Microsoft joins HTML 5 standard fray in earnest
Summary
Topics
After leaving much of the creation of a new version of HTML to Apple, Google, Opera, and Mozilla, Microsoft has begun sinking its teeth into the Web standard.
The move adds clout to the effort to renovate HyperText Markup Language, the standard used to describe Web pages, which last was formally updated in 1999. In a mailing list posting on Friday, the software giant offered a host of questions and concerns with the present proposal.

"As part of our planning for future work, the IE team is reviewing the current editor's draft of the HTML5 spec and gathering our thoughts. We want to share our feedback and discuss this in the working group," said Internet Explorer Program Manager Adrian Bateman in the message. "I will post our notes as we collect them so we can iterate on our thinking more quickly. At this stage we have more questions than answers, but I believe that discussing them in public is the best way to make progress."

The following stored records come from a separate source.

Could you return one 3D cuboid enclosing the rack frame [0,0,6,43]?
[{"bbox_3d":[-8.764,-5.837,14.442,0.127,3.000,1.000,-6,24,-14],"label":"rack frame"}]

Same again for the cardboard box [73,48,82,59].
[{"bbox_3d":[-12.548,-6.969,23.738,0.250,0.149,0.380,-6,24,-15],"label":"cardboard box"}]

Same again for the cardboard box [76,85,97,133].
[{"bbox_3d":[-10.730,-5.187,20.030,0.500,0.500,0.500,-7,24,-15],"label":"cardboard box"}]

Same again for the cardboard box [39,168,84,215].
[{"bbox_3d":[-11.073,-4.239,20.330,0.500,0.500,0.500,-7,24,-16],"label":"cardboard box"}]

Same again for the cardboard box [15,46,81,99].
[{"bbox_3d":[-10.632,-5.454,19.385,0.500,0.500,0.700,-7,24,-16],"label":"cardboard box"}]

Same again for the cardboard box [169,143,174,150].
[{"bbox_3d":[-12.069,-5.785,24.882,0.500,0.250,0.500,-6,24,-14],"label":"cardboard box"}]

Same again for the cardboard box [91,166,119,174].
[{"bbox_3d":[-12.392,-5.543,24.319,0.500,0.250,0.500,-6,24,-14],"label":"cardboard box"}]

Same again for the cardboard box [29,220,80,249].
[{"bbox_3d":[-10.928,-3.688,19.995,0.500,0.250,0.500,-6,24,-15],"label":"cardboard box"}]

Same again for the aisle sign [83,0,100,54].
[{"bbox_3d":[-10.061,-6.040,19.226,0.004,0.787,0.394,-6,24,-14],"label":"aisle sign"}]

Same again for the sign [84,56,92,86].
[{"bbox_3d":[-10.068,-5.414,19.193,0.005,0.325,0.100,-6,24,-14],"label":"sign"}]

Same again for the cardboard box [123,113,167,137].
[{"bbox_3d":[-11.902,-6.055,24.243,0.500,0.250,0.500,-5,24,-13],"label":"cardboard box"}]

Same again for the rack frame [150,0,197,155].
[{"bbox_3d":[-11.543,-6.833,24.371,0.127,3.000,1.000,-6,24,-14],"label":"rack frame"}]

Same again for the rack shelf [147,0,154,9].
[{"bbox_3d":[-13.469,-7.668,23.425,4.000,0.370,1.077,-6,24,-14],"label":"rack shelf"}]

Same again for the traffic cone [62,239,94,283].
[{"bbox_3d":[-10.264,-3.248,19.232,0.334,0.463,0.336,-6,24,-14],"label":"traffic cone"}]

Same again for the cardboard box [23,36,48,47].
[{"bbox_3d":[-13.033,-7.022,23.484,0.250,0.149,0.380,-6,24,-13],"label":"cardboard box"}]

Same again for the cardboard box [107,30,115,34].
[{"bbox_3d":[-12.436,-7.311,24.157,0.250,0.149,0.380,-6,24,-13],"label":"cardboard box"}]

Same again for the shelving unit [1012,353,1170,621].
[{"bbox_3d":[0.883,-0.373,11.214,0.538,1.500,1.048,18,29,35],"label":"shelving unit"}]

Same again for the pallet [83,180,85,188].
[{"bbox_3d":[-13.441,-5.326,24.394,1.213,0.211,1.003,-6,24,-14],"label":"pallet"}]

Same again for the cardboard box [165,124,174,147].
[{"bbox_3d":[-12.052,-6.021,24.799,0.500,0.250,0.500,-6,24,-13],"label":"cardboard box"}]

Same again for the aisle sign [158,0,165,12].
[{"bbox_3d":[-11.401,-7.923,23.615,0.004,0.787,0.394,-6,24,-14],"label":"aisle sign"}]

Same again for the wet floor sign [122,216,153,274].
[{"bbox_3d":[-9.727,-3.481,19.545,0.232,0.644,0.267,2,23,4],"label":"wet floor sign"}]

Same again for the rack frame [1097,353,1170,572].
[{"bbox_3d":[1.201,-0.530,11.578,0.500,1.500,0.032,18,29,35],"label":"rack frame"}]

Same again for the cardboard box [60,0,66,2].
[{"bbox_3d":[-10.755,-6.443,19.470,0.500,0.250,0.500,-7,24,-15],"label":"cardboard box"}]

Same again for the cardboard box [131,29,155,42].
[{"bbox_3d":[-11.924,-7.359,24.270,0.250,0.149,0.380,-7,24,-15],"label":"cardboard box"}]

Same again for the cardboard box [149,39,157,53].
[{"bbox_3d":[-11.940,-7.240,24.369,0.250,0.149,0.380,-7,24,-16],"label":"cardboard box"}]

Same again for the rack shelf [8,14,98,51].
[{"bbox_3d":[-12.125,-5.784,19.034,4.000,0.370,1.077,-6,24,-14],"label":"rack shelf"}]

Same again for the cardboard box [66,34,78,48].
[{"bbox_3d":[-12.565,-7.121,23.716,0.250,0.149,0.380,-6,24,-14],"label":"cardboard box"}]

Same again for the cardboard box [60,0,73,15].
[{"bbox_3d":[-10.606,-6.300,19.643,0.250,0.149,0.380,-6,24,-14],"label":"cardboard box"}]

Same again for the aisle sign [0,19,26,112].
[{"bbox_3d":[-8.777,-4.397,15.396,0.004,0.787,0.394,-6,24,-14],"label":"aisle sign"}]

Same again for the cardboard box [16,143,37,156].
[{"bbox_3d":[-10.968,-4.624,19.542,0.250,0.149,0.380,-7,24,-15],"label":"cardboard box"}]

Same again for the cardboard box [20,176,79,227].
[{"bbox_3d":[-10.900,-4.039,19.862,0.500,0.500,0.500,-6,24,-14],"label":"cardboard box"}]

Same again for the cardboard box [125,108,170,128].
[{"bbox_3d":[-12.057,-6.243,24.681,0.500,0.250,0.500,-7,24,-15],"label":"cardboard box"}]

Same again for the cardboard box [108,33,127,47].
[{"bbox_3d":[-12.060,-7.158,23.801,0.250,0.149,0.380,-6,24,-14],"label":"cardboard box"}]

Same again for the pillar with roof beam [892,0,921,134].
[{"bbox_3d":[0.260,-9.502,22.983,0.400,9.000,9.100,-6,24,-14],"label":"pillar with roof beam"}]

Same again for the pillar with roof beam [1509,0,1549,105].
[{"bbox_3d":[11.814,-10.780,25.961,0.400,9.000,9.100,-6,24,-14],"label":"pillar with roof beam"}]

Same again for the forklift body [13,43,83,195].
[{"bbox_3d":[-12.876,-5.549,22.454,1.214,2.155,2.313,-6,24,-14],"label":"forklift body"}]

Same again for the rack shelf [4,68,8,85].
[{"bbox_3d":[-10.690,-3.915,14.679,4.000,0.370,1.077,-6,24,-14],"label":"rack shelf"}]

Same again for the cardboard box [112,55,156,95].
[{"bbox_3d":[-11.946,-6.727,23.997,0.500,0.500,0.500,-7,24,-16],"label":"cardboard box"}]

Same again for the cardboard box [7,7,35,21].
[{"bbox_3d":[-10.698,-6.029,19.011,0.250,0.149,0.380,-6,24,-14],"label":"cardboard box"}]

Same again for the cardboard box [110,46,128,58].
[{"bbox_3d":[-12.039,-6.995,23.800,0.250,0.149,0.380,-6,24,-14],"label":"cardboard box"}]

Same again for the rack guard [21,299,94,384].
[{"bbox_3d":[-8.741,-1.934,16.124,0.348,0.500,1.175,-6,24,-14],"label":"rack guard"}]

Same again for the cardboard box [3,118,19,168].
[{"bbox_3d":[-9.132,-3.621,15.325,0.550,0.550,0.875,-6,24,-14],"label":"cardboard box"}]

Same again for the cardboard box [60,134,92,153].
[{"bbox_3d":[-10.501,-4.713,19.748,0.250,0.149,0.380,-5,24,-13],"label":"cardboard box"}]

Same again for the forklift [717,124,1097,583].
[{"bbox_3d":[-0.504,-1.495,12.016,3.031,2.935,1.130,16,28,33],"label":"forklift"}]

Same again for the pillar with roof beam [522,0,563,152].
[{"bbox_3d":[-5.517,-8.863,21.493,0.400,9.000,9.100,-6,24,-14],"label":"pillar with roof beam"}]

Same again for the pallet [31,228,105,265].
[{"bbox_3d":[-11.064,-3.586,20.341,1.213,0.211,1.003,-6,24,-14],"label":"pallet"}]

HTML 5 in its current draft form includes a number of significant advancements, notably several that make the Web a better foundation for applications, not just static Web pages. Among the present HTML 5 features are built-in video and audio, the ability to store data on a local computer to enable use of Web applications even when offline, Web Workers that can perform computational chores in the background without bogging down Web application responsiveness, Canvas for creating sophisticated two-dimensional graphics, and drag-and-drop for better Web application user interfaces.
The formal HTML standard is under the governance of the World Wide Web Consortium (W3C), and Microsoft's Chris Wilson is a co-chairman of the W3C group developing HTML. But much of the course of HTML 5 has been set so far outside that by a separate effort called the Web Hypertext Application Technology Working Group (WHATWG), which browser makers launched years ago when they didn't like the XHTML 2.0 direction the W3C was trying to take HTML.
Microsoft hasn't been uninvolved in HTML 5. It's the origin of technology in HTML 5 called ContentEditable, which lets elements of Web pages be edited in place by people using a browser. And Microsoft said its newest browser,Internet Explorer 8, also supports these HTML 5 components: the DOM Store, Cross Document Messaging, Cross Domain Messaging, and Ajax Navigation.
But the new message indicates Microsoft is getting serious about the effort, digging into many nitty-gritty aspects of the proposed specification. That's important because Microsoft has of late embraced a standard-centric philosophy when it comes to what technology IE supports, and IE is of course the dominant browser on the market.
Microsoft declined to comment for this story.
Google, Apple, and Mozilla have been trumpeting HTML 5 features in their latest browsers, but Microsoft takes a more cautious tone.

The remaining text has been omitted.